### Provided information

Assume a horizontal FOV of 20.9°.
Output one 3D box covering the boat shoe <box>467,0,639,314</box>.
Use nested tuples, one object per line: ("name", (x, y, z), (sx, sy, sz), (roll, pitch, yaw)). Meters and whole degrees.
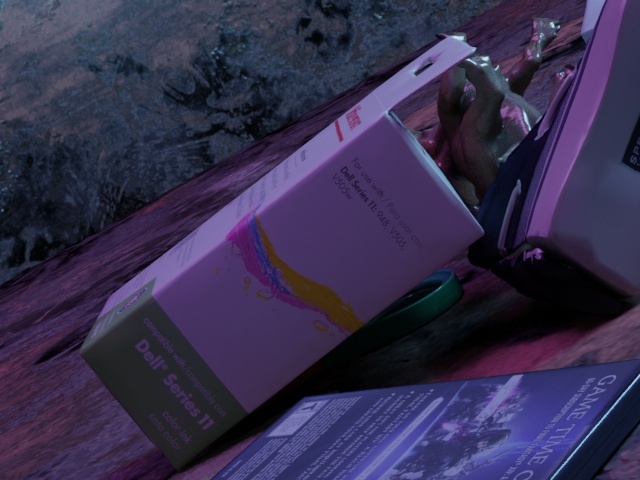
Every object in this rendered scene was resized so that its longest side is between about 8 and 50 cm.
("boat shoe", (0.214, -0.105, 1.272), (0.341, 0.127, 0.158), (-61, 17, -13))

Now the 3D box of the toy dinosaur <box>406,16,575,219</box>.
("toy dinosaur", (0.154, -0.071, 1.479), (0.127, 0.200, 0.296), (0, 22, -10))

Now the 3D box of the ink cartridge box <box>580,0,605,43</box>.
("ink cartridge box", (0.301, -0.133, 1.410), (0.104, 0.181, 0.062), (-22, 31, 29))

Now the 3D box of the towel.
("towel", (-0.040, 0.151, 1.218), (0.148, 0.027, 0.110), (-28, 9, -7))

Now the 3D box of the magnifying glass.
("magnifying glass", (0.017, 0.084, 1.416), (0.231, 0.026, 0.092), (-31, 11, -19))

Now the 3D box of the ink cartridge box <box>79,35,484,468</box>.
("ink cartridge box", (0.000, 0.000, 1.313), (0.353, 0.119, 0.207), (-38, 8, 5))

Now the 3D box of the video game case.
("video game case", (0.043, 0.136, 1.021), (0.274, 0.026, 0.196), (-10, 19, 40))

######

Your objective – Copy all of the entries verbatim, leaving out any pictures they contain.

Response area –
Assume a horizontal FOV of 20.9°.
Output one 3D box covering the boat shoe <box>467,0,639,314</box>.
Use nested tuples, one object per line: ("name", (x, y, z), (sx, sy, sz), (roll, pitch, yaw)). Meters and whole degrees.
Every object in this rendered scene was resized so that its longest side is between about 8 and 50 cm.
("boat shoe", (0.214, -0.105, 1.272), (0.341, 0.127, 0.158), (-61, 17, -13))

Now the 3D box of the toy dinosaur <box>406,16,575,219</box>.
("toy dinosaur", (0.154, -0.071, 1.479), (0.127, 0.200, 0.296), (0, 22, -10))

Now the 3D box of the ink cartridge box <box>580,0,605,43</box>.
("ink cartridge box", (0.301, -0.133, 1.410), (0.104, 0.181, 0.062), (-22, 31, 29))

Now the 3D box of the towel.
("towel", (-0.040, 0.151, 1.218), (0.148, 0.027, 0.110), (-28, 9, -7))

Now the 3D box of the magnifying glass.
("magnifying glass", (0.017, 0.084, 1.416), (0.231, 0.026, 0.092), (-31, 11, -19))

Now the 3D box of the ink cartridge box <box>79,35,484,468</box>.
("ink cartridge box", (0.000, 0.000, 1.313), (0.353, 0.119, 0.207), (-38, 8, 5))

Now the 3D box of the video game case.
("video game case", (0.043, 0.136, 1.021), (0.274, 0.026, 0.196), (-10, 19, 40))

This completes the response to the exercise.